**WHAT YOU HAVE TO DO**
Please give an exact transcription of the lines below, from the one that contains "extent: [0.423, 0.207, 0.207]" to the very last, with no other lines.

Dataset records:
----------

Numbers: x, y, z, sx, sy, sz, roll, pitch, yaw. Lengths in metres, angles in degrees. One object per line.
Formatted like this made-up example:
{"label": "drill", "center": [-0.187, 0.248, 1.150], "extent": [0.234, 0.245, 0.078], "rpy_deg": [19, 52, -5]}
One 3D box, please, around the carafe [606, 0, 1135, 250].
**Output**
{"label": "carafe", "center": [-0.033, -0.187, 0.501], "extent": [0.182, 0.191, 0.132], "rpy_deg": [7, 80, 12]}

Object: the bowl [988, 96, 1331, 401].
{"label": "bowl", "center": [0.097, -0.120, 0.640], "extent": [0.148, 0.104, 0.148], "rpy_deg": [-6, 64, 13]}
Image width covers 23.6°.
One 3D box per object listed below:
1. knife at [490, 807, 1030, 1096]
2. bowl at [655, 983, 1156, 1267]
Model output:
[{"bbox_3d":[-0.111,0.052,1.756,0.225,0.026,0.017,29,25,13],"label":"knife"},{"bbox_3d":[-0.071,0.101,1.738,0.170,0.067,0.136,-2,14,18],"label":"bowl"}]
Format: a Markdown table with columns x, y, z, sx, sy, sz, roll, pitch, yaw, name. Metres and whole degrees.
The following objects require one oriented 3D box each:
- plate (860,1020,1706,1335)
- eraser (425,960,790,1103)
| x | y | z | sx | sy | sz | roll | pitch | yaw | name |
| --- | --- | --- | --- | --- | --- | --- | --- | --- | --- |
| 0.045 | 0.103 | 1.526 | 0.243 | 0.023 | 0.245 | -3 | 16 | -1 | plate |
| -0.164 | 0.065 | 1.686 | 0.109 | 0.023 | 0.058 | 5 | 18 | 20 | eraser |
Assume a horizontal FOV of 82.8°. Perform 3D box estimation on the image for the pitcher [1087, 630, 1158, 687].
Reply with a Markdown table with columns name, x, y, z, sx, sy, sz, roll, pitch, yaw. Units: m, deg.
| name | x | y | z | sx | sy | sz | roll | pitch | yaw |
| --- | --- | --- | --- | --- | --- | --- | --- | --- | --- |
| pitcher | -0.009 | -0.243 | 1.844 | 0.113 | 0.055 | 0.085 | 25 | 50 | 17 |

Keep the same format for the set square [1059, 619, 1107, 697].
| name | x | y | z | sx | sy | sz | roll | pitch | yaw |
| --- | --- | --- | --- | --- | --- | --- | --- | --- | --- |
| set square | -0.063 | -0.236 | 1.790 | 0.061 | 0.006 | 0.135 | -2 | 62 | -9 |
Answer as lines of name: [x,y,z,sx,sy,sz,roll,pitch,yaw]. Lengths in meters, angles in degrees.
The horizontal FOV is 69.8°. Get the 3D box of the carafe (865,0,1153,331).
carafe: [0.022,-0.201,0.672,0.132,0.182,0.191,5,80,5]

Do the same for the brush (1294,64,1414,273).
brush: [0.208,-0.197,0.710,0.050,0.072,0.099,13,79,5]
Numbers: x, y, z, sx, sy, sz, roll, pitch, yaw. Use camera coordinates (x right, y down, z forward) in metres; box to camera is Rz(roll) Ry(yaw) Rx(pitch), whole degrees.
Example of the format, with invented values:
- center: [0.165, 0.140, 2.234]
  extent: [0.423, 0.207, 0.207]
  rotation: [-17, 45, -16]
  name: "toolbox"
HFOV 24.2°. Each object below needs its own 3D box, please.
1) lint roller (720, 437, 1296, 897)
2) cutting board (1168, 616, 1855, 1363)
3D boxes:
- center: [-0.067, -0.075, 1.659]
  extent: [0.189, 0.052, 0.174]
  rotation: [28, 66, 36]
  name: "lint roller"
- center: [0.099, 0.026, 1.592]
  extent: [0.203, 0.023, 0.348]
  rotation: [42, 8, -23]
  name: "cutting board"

----------

**SOLUTION BELOW**
  extent: [0.423, 0.207, 0.207]
  rotation: [-17, 45, -16]
  name: "toolbox"
HFOV 24.2°. Each object below needs its own 3D box, please.
1) lint roller (720, 437, 1296, 897)
2) cutting board (1168, 616, 1855, 1363)
3D boxes:
- center: [-0.067, -0.075, 1.659]
  extent: [0.189, 0.052, 0.174]
  rotation: [28, 66, 36]
  name: "lint roller"
- center: [0.099, 0.026, 1.592]
  extent: [0.203, 0.023, 0.348]
  rotation: [42, 8, -23]
  name: "cutting board"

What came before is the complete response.